Emmy-nominated Fiona Dawson on being bi, a trans advocate, and erased from LGBTQ spaces

Emmy-nominated Fiona Dawson on being bi, a trans advocate, and erased from LGBTQ spaces

In honor of #BiWeek and Bisexual Visibility Day, renowned advocate and media professional Fiona Dawson has contributed this guest post exclusively to GLAAD. Fiona Dawson is a national Emmy®-nominated multi-media director, producer and writer. She directed “Transgender, at War and in Love” commissioned by The New York Times and created the media project “TransMilitary,” which intimately shares the lives of American transgender troops risking discharge as they work to end the ban upon their service.

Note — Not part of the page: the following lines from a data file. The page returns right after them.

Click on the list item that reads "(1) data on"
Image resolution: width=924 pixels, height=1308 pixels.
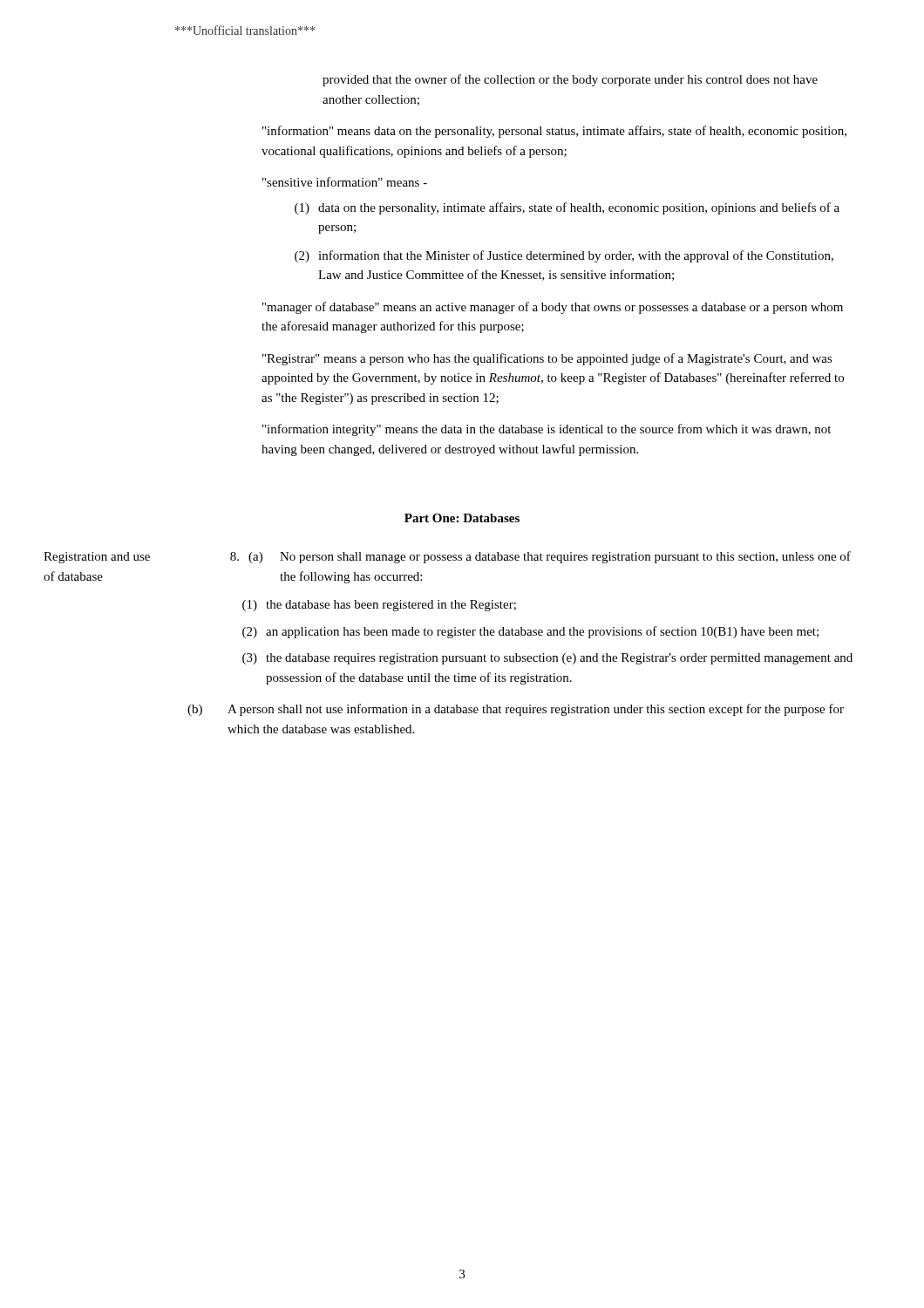[564, 217]
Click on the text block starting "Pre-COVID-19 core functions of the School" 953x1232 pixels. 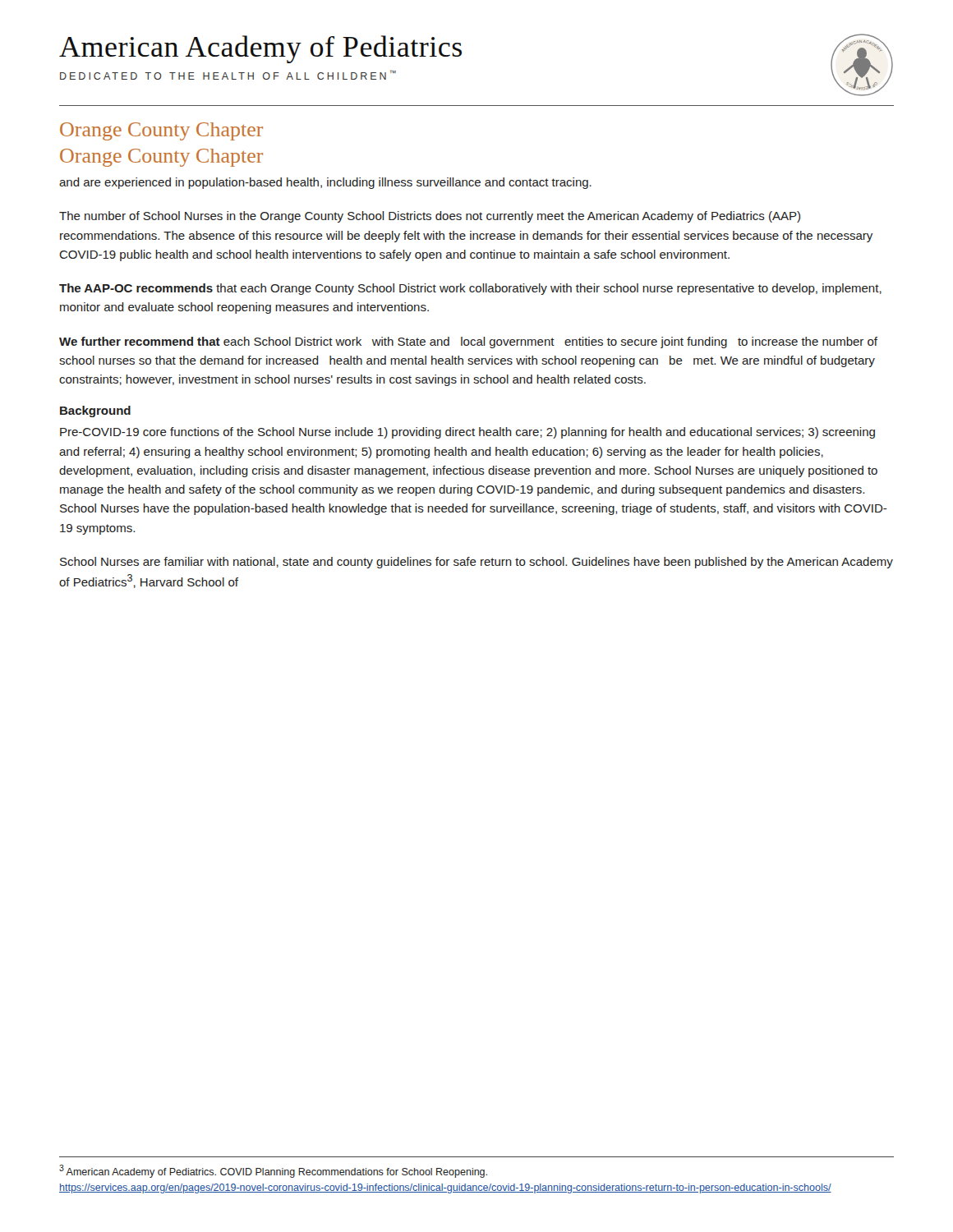pyautogui.click(x=473, y=480)
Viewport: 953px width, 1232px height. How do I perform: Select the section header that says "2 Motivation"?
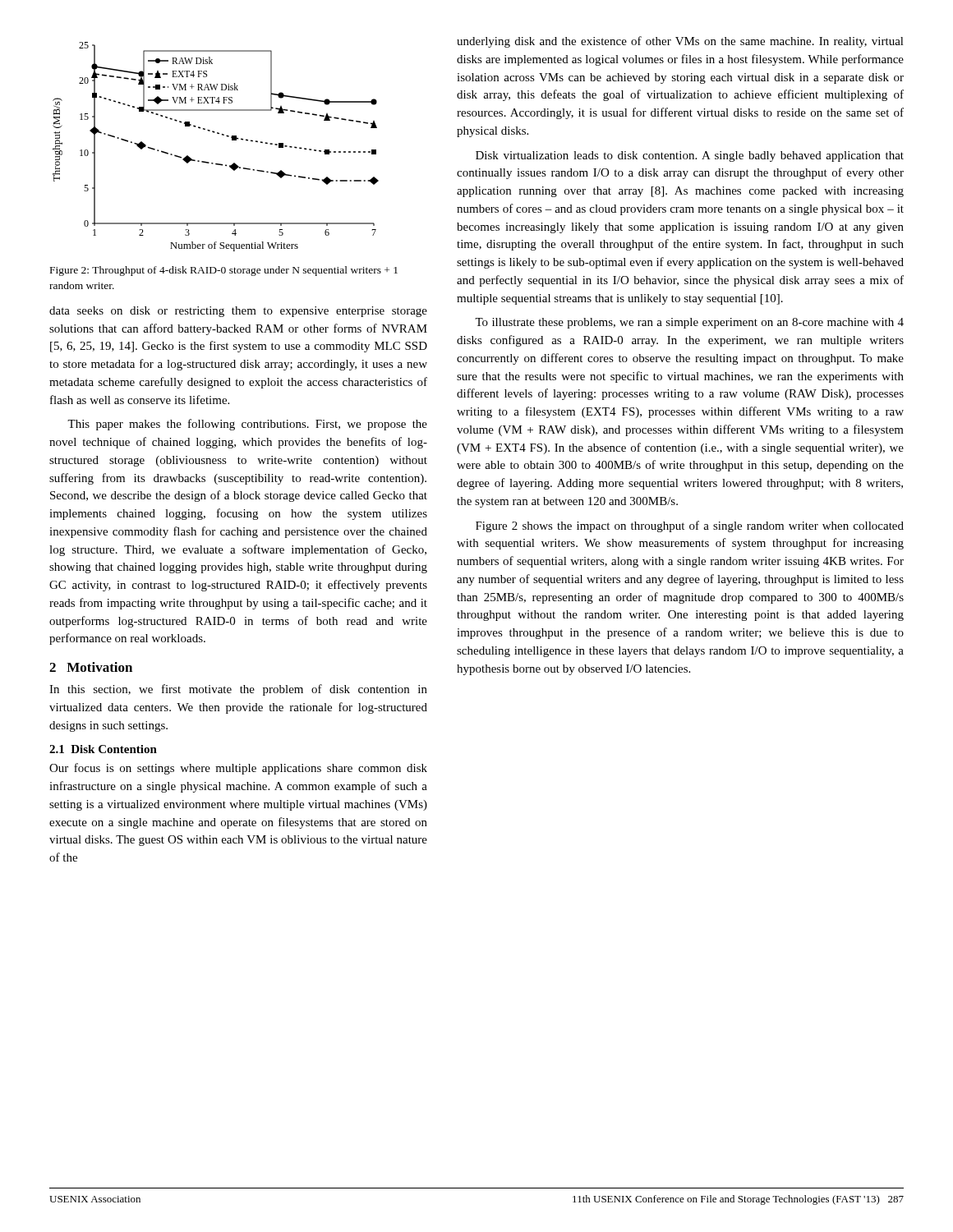click(91, 667)

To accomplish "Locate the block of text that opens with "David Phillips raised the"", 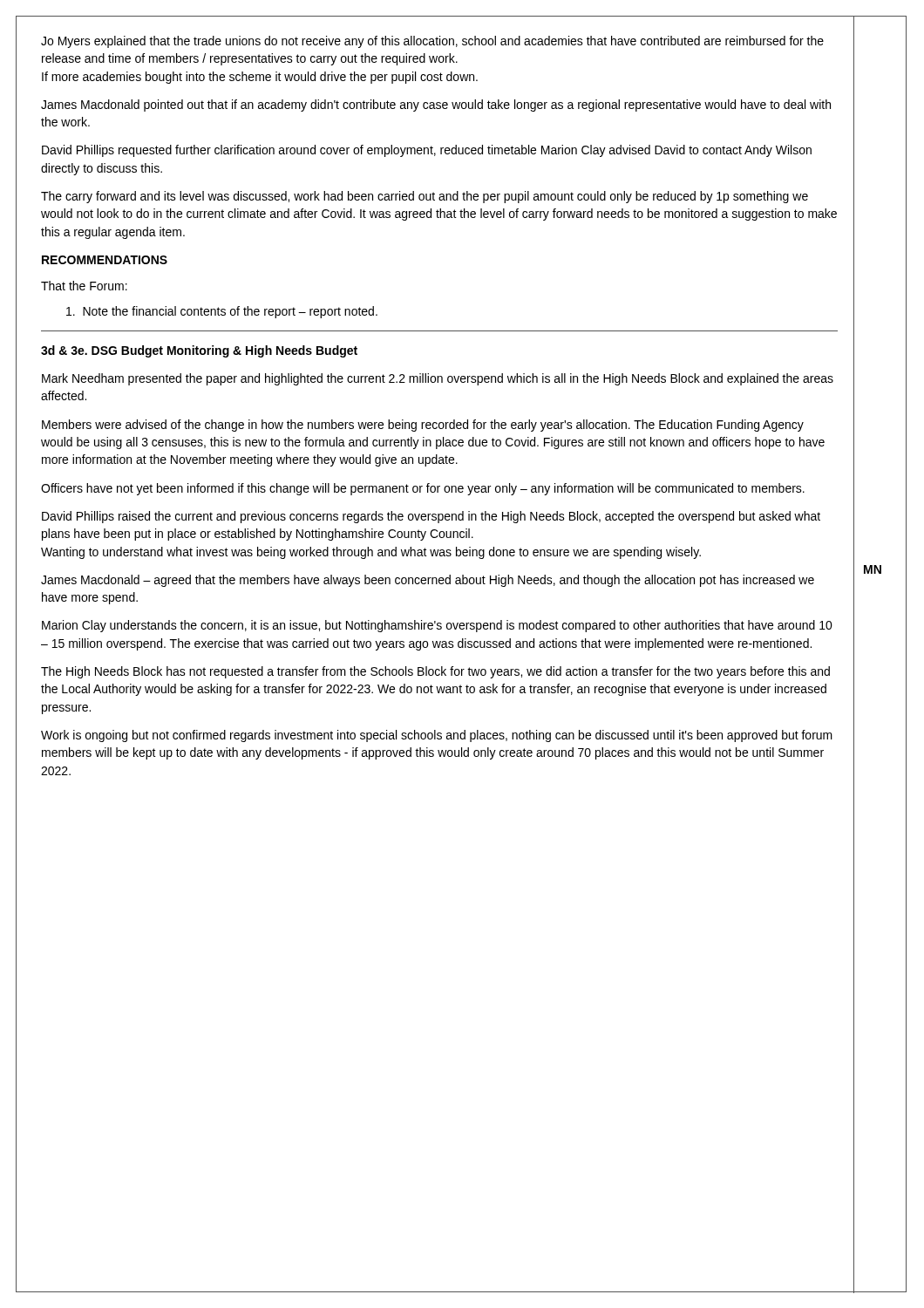I will click(439, 534).

In 2015 Fiona was honored by The White House as an LGBT Artist Champion of Change.You can find her on Twitter and Instagram as @fionajdawson.

Last year to celebrate three months of dating, my boyfriend, Emil Pagliarulo, and I went out to a favorite Italian spot of mine in Dupont Circle, a Washington D.C. “gayborhood.” Living in the suburbs it had been a while since either of us had been into town. As we stepped out of our Uber car Emil said, “Wow! I haven’t seen you light up like this before. You’re beaming. What is it?” “I feel like I’ve stepped home,” I said. “It’s been so long since I’ve been out among my people. I’m so excited!” “I can see that!” he concurred. “I’m happy for you,” he said.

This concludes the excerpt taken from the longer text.